Dataset entries:

________________________________________

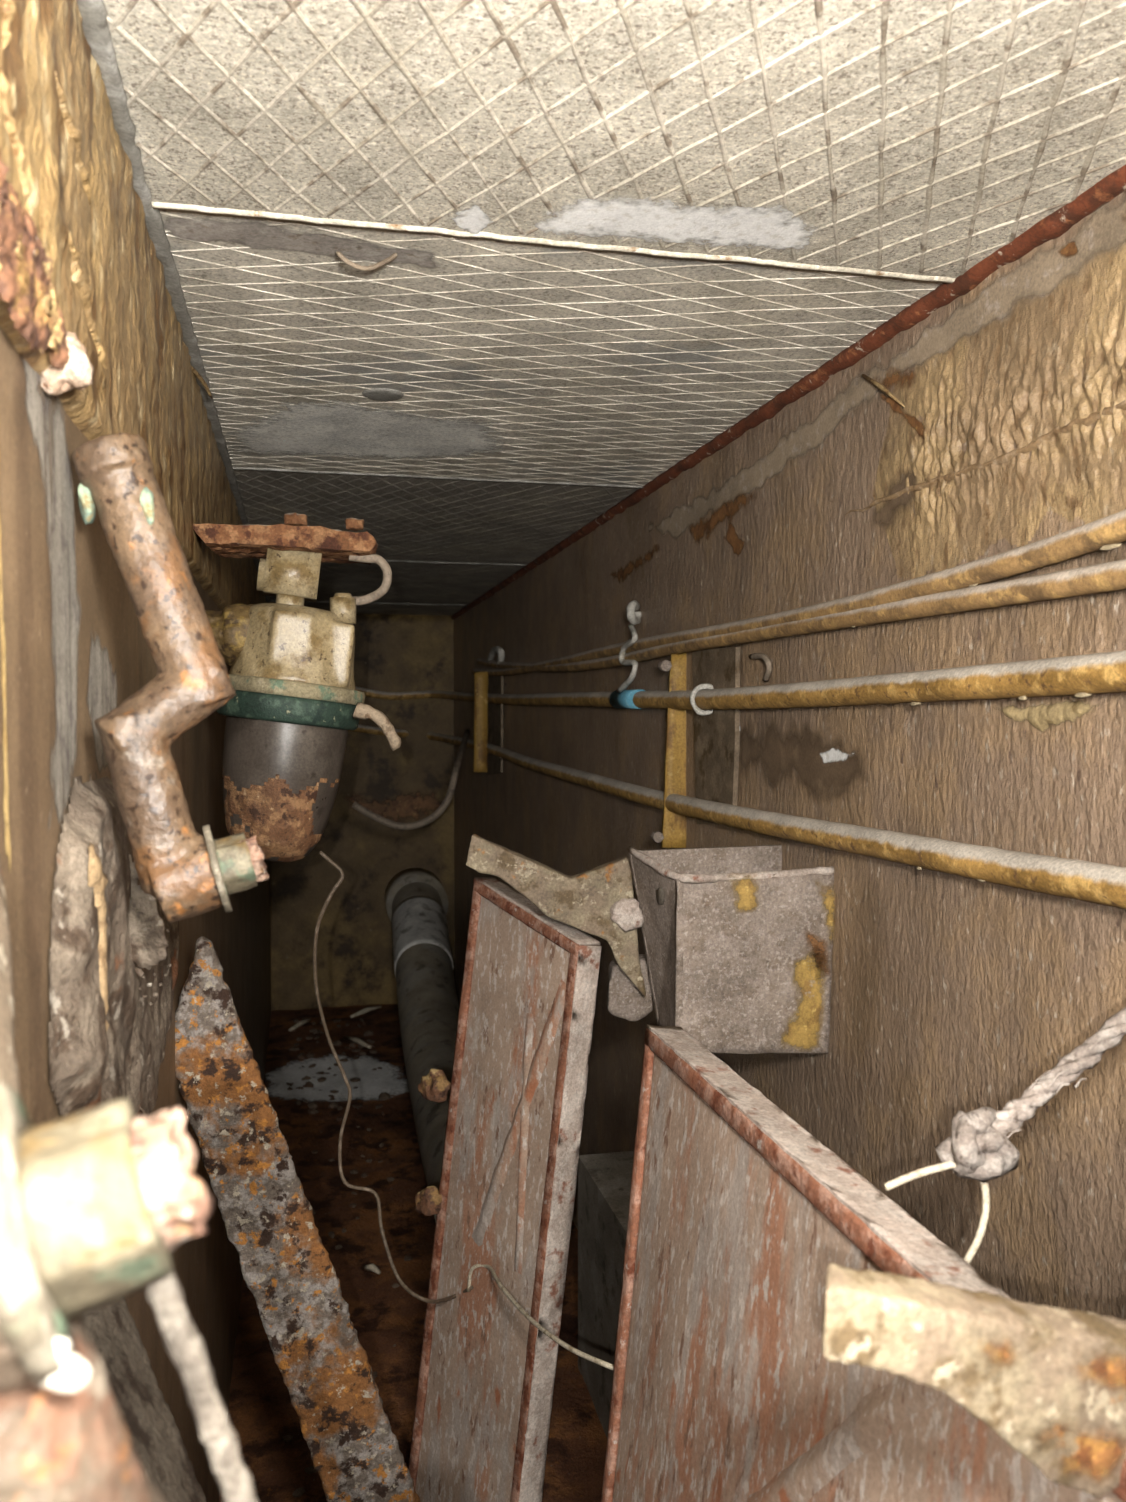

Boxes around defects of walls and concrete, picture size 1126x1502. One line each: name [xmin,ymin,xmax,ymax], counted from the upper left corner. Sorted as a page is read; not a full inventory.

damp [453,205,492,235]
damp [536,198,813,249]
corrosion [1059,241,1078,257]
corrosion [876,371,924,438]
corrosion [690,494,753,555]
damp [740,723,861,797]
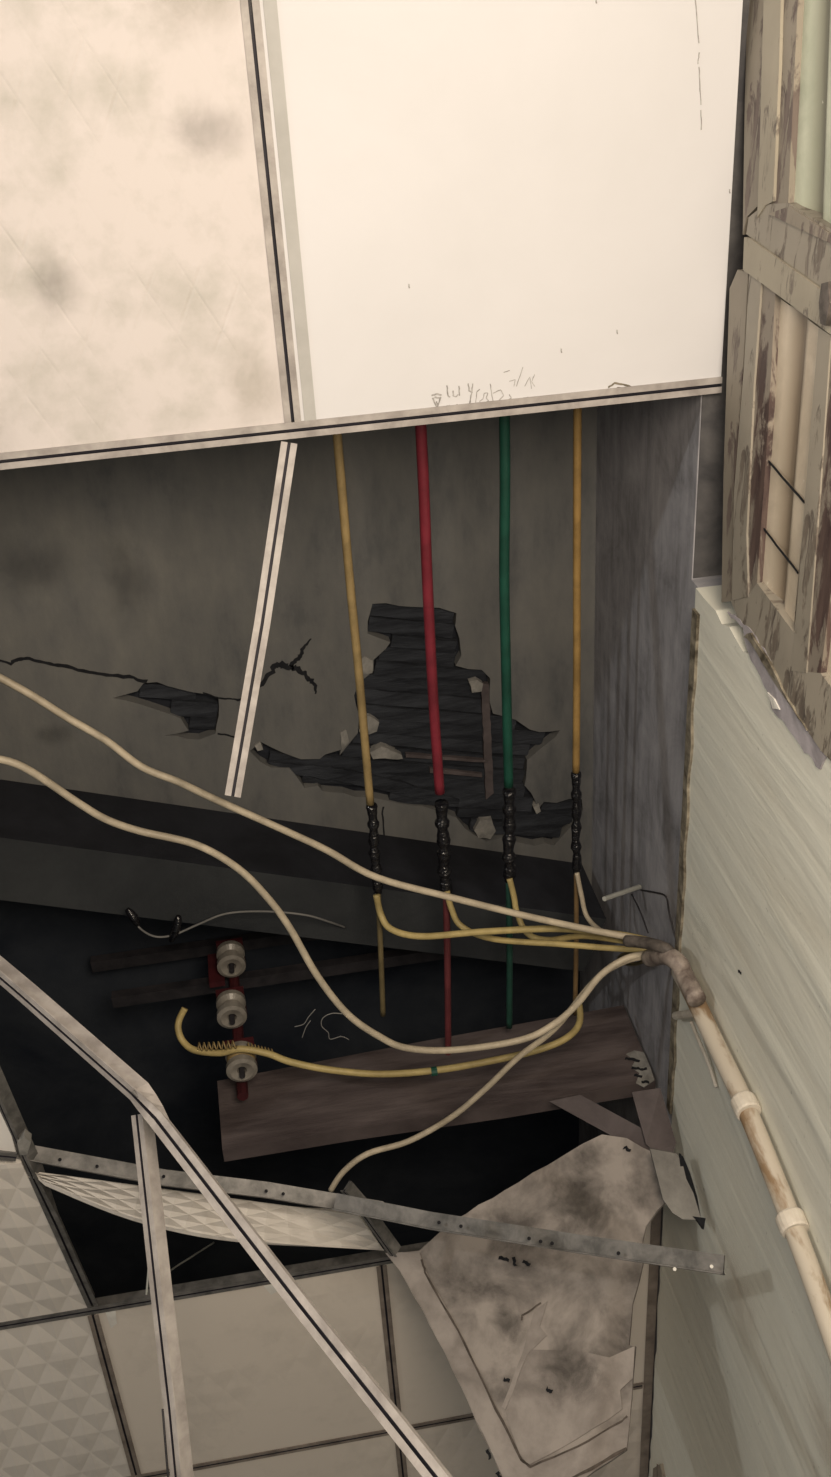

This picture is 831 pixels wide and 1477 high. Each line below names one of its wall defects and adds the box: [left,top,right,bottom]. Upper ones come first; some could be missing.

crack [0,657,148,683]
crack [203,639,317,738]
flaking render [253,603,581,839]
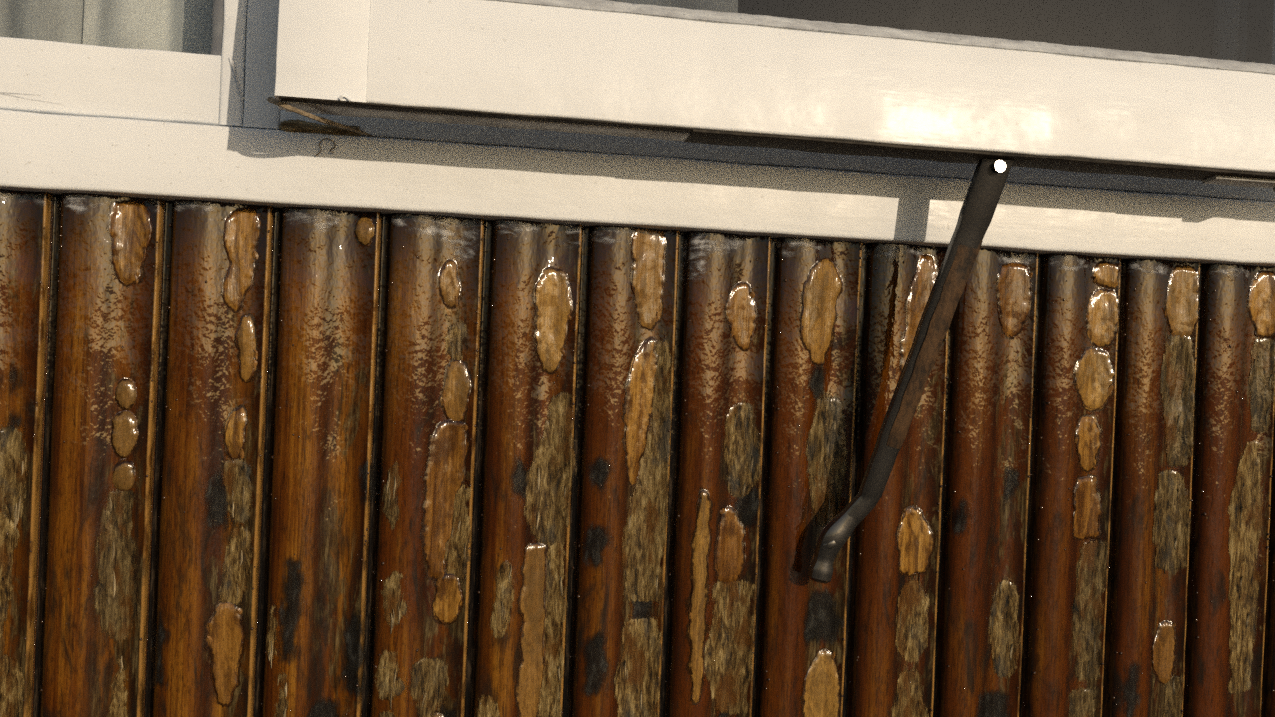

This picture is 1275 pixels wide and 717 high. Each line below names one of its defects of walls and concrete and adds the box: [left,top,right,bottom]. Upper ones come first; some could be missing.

________________________________________

Reproduce, with no pictures, the lines from the one containing "This picture is 831" to the end of the records above, exactly and inclusively.

This picture is 831 pixels wide and 1477 high. Each line below names one of its wall defects and adds the box: [left,top,right,bottom]. Upper ones come first; some could be missing.

crack [0,657,148,683]
crack [203,639,317,738]
flaking render [253,603,581,839]

This picture is 1275 pixels wide and 717 high. Each line below names one of its defects of walls and concrete and adds the box: [left,top,right,bottom]. Upper ones come first; some could be missing.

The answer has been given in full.